In other words, the reform of the current form of liberalism (which is really more of a far-Left mutation than anything resembling the classic liberal model) needs to be done with the individual at its centre: the liberty - THE LIBERTY - of the individual is the only thing that matters.
What is to be done?
Focus on the individual. Reject any grandiose plans - meta-narratives that are non-religions (i.e. ideological meta-narratives) are anathema for life.
If you are like me - a romantic irrationalist with a soft spot for mysticism and nature - then reject current society and argue for small communities without technology and a hierarchy based on meritocracy on top of which God (not the church) sits.

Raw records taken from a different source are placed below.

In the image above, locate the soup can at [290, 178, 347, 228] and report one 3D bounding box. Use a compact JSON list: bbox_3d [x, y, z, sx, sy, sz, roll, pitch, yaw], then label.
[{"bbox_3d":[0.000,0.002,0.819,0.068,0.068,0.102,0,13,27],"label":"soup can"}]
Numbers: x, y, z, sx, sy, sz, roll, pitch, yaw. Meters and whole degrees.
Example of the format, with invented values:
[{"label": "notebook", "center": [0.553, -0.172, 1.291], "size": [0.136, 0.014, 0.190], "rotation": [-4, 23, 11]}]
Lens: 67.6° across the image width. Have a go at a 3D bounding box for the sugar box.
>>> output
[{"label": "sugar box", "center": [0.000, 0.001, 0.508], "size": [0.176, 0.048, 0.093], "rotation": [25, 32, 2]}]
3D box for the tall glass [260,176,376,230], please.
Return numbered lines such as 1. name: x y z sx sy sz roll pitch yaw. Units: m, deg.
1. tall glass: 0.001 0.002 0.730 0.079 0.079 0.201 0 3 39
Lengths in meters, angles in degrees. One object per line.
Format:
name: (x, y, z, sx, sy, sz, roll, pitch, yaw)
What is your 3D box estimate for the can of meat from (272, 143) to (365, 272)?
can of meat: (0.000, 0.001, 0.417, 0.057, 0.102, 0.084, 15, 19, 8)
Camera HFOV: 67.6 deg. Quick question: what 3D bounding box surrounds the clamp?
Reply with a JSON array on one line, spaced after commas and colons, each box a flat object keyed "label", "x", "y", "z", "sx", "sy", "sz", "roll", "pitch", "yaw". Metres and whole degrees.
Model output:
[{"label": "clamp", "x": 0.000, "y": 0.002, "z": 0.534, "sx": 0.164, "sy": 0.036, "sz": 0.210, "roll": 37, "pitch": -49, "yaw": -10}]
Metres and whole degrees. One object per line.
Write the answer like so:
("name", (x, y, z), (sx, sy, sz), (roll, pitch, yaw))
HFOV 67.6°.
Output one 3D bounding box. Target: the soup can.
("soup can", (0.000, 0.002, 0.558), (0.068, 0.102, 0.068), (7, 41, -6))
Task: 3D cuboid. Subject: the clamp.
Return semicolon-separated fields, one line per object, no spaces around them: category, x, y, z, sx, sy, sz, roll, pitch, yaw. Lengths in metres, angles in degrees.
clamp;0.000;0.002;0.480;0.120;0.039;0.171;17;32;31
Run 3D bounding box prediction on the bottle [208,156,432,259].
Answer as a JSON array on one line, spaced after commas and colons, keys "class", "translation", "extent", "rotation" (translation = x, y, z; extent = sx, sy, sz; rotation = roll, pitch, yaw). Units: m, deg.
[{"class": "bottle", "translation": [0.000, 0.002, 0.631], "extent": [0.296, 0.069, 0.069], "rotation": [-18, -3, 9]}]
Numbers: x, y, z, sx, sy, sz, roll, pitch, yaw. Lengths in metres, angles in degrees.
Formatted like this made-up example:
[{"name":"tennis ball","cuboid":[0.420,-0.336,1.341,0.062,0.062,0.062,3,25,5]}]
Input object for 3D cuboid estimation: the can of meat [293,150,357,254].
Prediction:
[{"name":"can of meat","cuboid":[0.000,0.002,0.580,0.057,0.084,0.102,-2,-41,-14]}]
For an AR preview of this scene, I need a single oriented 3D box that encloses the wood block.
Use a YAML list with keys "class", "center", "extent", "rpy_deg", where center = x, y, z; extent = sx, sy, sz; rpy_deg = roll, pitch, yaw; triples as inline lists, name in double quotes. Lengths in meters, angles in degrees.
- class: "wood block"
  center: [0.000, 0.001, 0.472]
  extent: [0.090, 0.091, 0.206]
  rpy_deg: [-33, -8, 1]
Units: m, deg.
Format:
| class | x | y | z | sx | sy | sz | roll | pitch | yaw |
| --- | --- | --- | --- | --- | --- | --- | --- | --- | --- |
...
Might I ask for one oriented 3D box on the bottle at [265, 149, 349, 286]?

If you are not like me and want to make the best of the world around you but are concerned with the decaying liberal order and the savage attack of the Woke, then remember the sanctity of the individual, remember that only God judges and He alone is the only legitimate authority, embrace common sense and defend, at any cost, the liberty of the individual, rejecting the lure of Post-Liberals / Neo-Integralists as an alternative to red liberalism.
Thus: don’t forget the Soviets, don’t forget the Nazis. Reject the neo-communists and reject the neo-integralists. Defend the liberty of the individual - at any cost.